Mr. Doctorow noted that, just as the internet has made routine tasks less burdensome, it has also made scams much easier to pull off. Picture an old-school boiler room in which fast-talking con artists place hundreds of phone calls in an effort to fleece strangers out of their savings, he said. Now fast forward to 2024, when scammers can send out millions of phishing texts and emails with the help of bots.
“If you can automate parts of it,” Mr. Doctorow said, “you can cast a much wider net.”
Text scams tricked Americans out of $300 million in 2022, the Federal Trade Commission reported. That same year, Americans received 225 billion spam texts, a 157 percent increase from the previous year, according to a report by Robokiller, a company that sells a spam-blocker app.
As digitally savvy and cautious as he is, Mr. Doctorow is not immune to phishing.

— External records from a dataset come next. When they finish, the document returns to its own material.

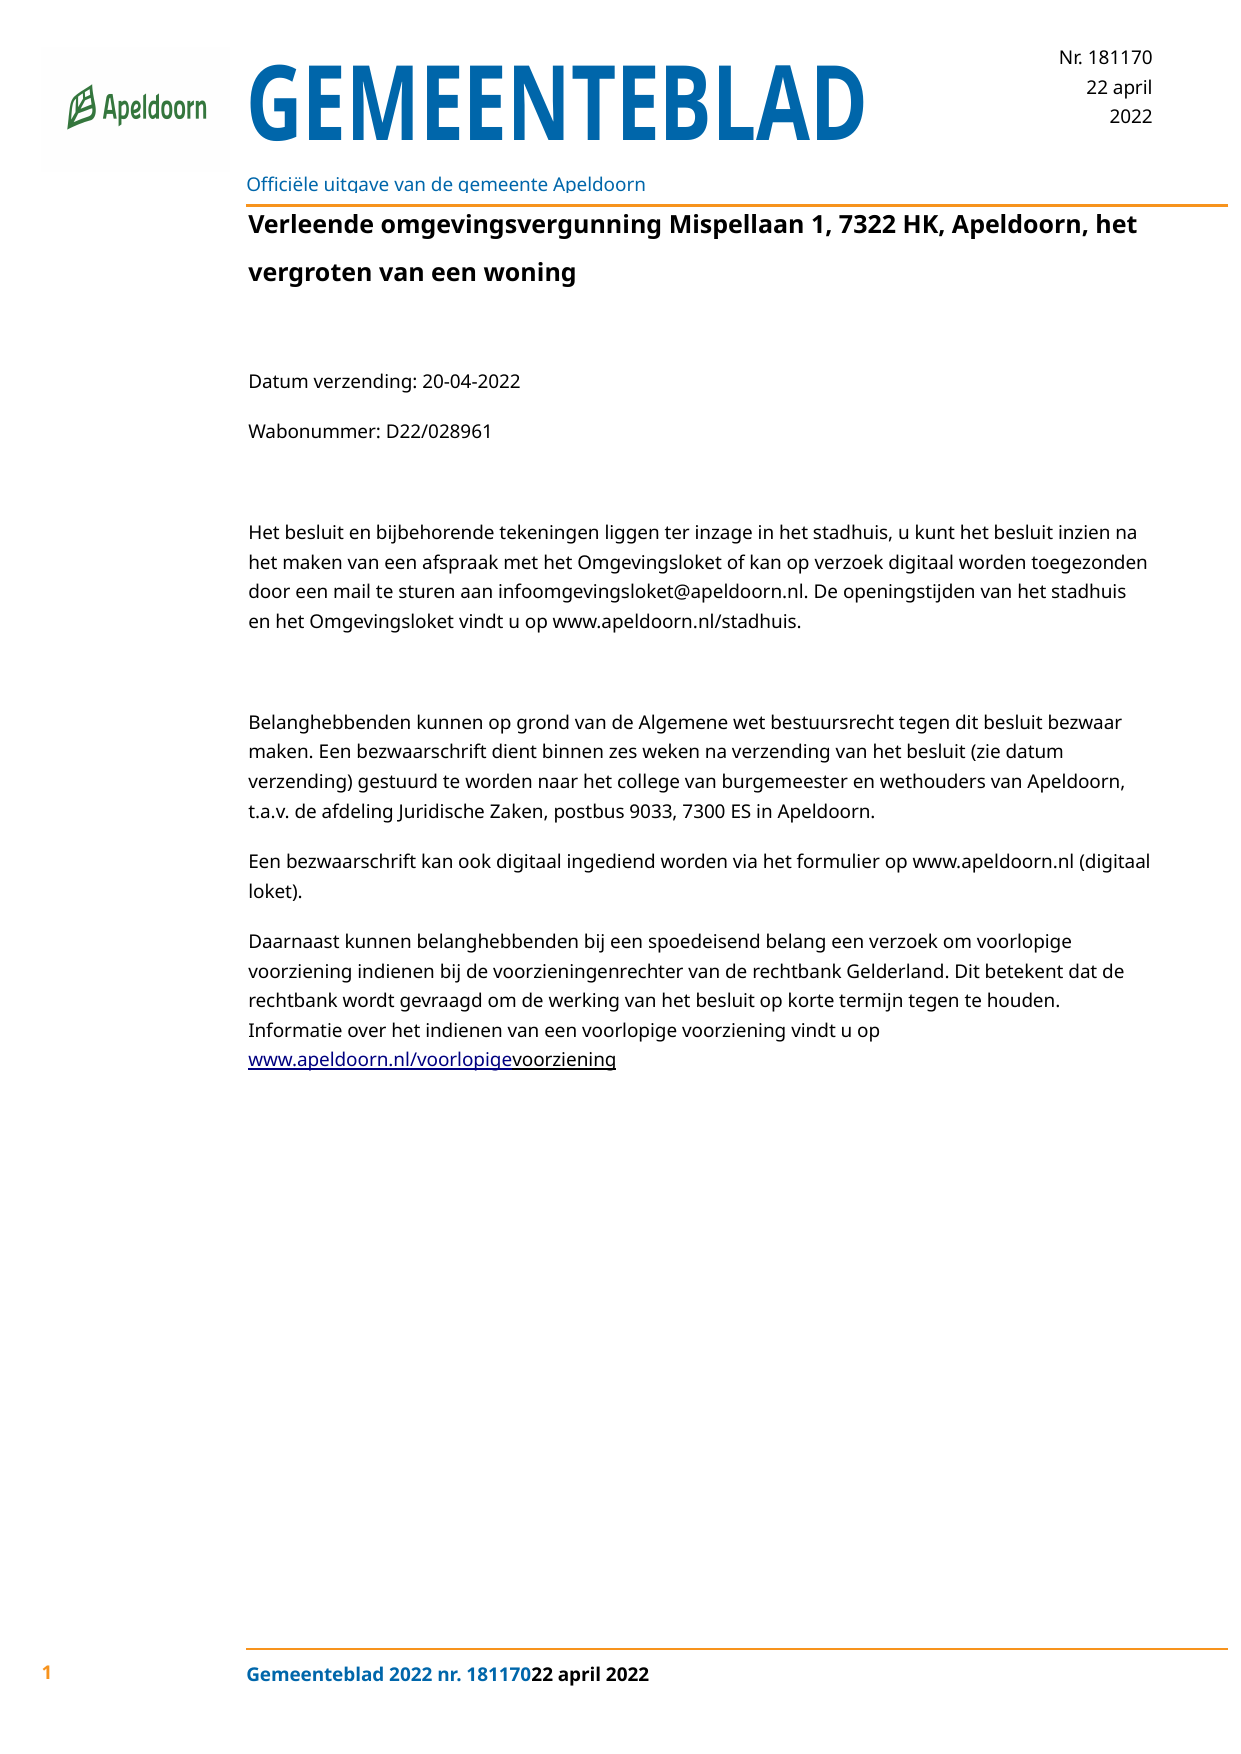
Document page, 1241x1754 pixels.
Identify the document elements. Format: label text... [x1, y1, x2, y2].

text Belanghebbenden kunnen op grond van de Algemene wet bestuursrecht tegen dit besluit bezwaar maken. Een bezwaarschrift dient binnen zes weken na verzending van het besluit (zie datum verzending) gestuurd te worden naar het college van burgemeester en wethouders van Apeldoorn, t.a.v. de afdeling Juridische Zaken, postbus 9033, 7300 ES in Apeldoorn. [248, 709, 1152, 824]
text Datum verzending: 20-04-2022 [248, 368, 1152, 394]
text Wabonummer: D22/028961 [248, 419, 1152, 444]
text Het besluit en bijbehorende tekeningen liggen ter inzage in het stadhuis, u kunt het besluit inzien na het maken van een afspraak met het Omgevingsloket of kan op verzoek digitaal worden toegezonden door een mail te sturen aan infoomgevingsloket@apeldoorn.nl. De openingstijden van het stadhuis en het Omgevingsloket vindt u op www.apeldoorn.nl/stadhuis. [248, 519, 1152, 634]
text Een bezwaarschrift kan ook digitaal ingediend worden via het formulier op www.apeldoorn.nl (digitaal loket). [248, 848, 1152, 904]
picture [41, 47, 231, 172]
text Daarnaast kunnen belanghebbenden bij een spoedeisend belang een verzoek om voorlopige voorziening indienen bij de voorzieningenrechter van de rechtbank Gelderland. Dit betekent dat de rechtbank wordt gevraagd om de werking van het besluit op korte termijn tegen te houden. Informatie over het indienen van een voorlopige voorziening vindt u op www.apeldoorn.nl/voorlopigevoorziening [248, 928, 1152, 1072]
text Verleende omgevingsvergunning Mispellaan 1, 7322 HK, Apeldoorn, het vergroten van een woning [248, 207, 1152, 288]
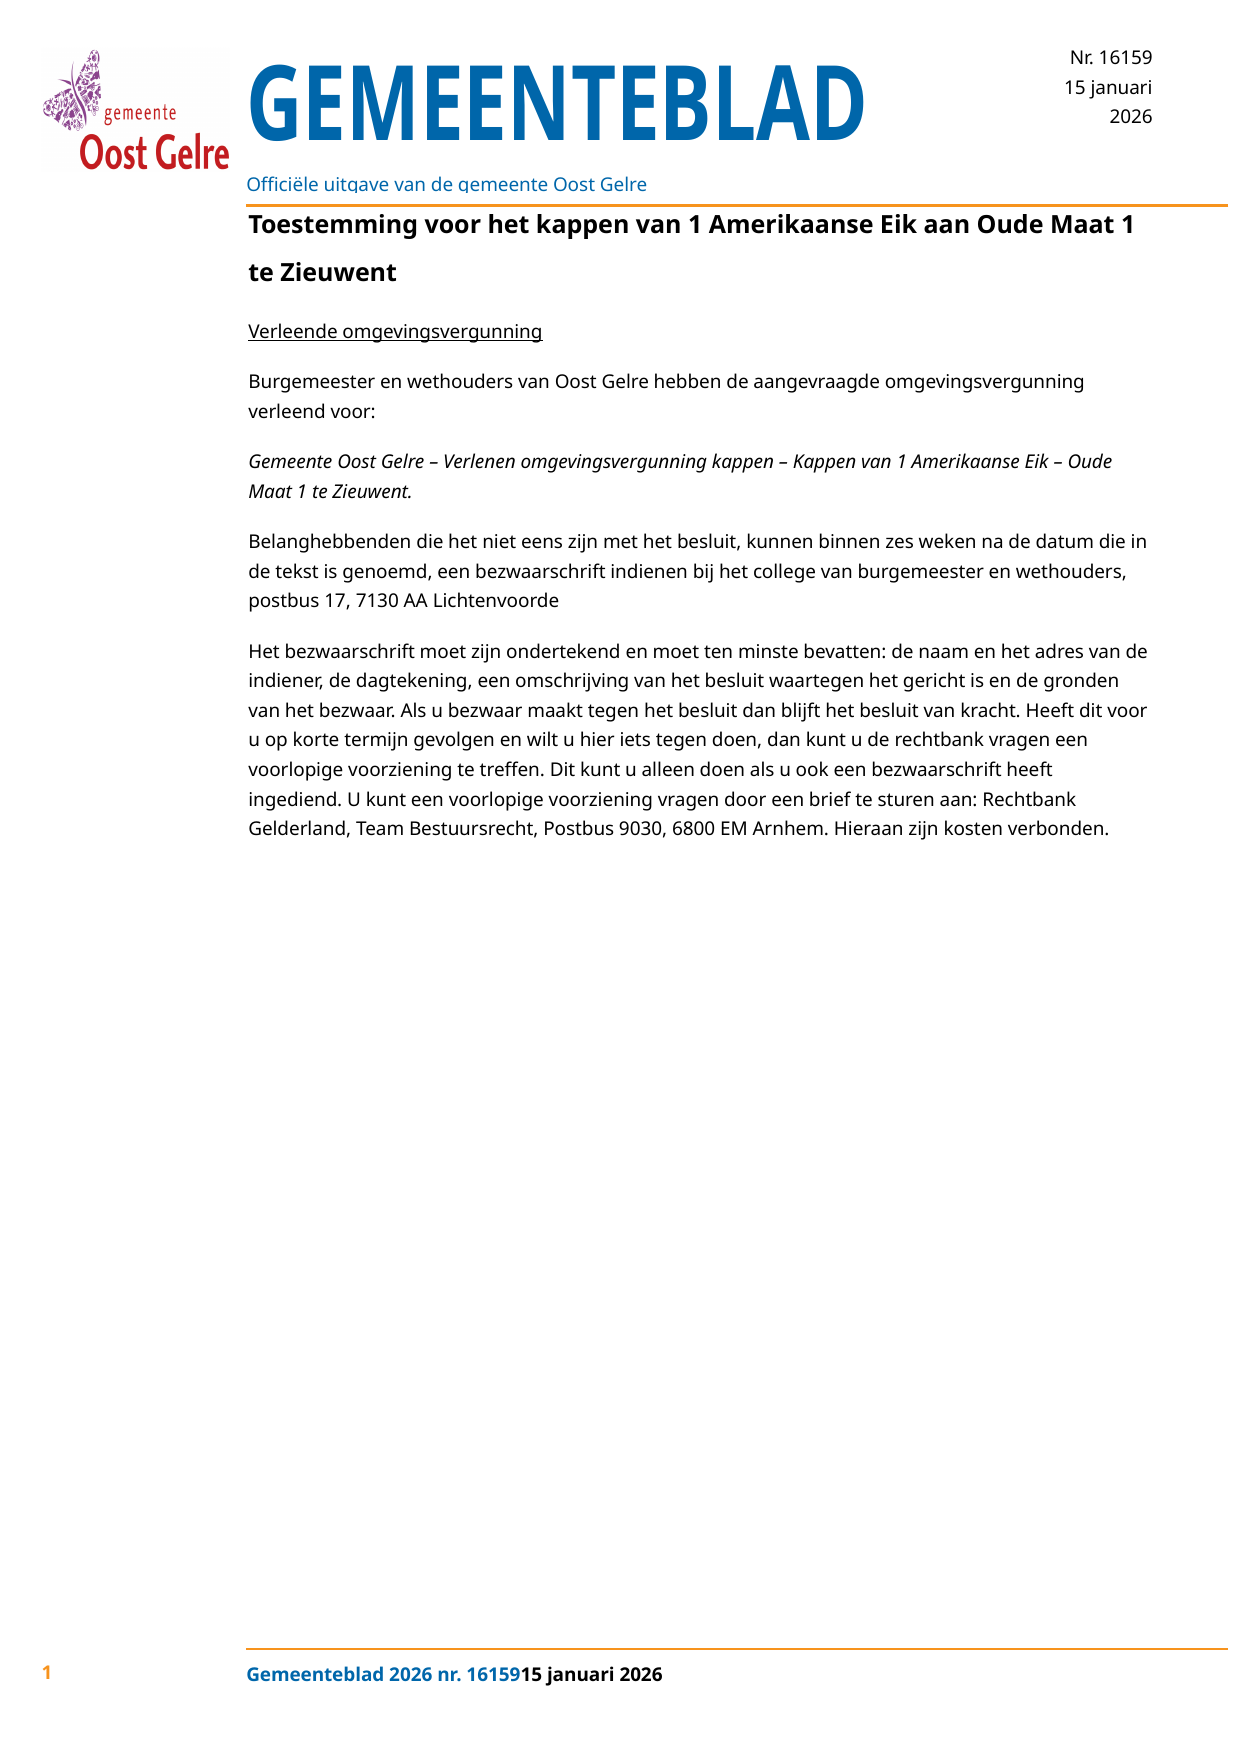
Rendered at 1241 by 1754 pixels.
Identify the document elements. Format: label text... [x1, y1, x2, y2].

text Gemeente Oost Gelre – Verlenen omgevingsvergunning kappen – Kappen van 1 Amerikaanse Eik – Oude Maat 1 te Zieuwent. [248, 448, 1152, 504]
text Belanghebbenden die het niet eens zijn met het besluit, kunnen binnen zes weken na de datum die in de tekst is genoemd, een bezwaarschrift indienen bij het college van burgemeester en wethouders, postbus 17, 7130 AA Lichtenvoorde [248, 528, 1152, 613]
text Burgemeester en wethouders van Oost Gelre hebben de aangevraagde omgevingsvergunning verleend voor: [248, 368, 1152, 424]
picture [41, 47, 231, 172]
text Toestemming voor het kappen van 1 Amerikaanse Eik aan Oude Maat 1 te Zieuwent [248, 207, 1152, 288]
text Het bezwaarschrift moet zijn ondertekend en moet ten minste bevatten: de naam en het adres van de indiener, de dagtekening, een omschrijving van het besluit waartegen het gericht is en de gronden van het bezwaar. Als u bezwaar maakt tegen het besluit dan blijft het besluit van kracht. Heeft dit voor u op korte termijn gevolgen en wilt u hier iets tegen doen, dan kunt u de rechtbank vragen een voorlopige voorziening te treffen. Dit kunt u alleen doen als u ook een bezwaarschrift heeft ingediend. U kunt een voorlopige voorziening vragen door een brief te sturen aan: Rechtbank Gelderland, Team Bestuursrecht, Postbus 9030, 6800 EM Arnhem. Hieraan zijn kosten verbonden. [248, 638, 1152, 841]
text Verleende omgevingsvergunning [248, 318, 1152, 344]

In December, while vacationing with his family in New Orleans, he got a call from his bank asking if had spent $1,000 at an Apple store in New York. In fact, the caller was a scammer who had gotten hold of Mr. Doctorow’s phone number and the name of his credit union — perhaps from one of the many data brokers that collect personal information and sell it to third parties — and then used spoofing software to appear as his bank on his caller ID.
During the call, Mr. Doctorow gave out the last seven digits of his debit card number — enough information for the scammer to run up charges on his account.
Sophisticated tech makes this kind of deception possible. But Mr. Doctorow argued that, thanks to outsourcing and automation, the typical communication sent by the customer service departments of many large companies has become “indistinguishable from a phishing scam.”
The prevalence of online deceptions can also add a bit of unwanted drama to mundane tasks. Recently, Ms. Rutledge, the psychologist, thought she was being scammed when she received a letter from a government office on “the crappiest letterhead I’ve ever seen.”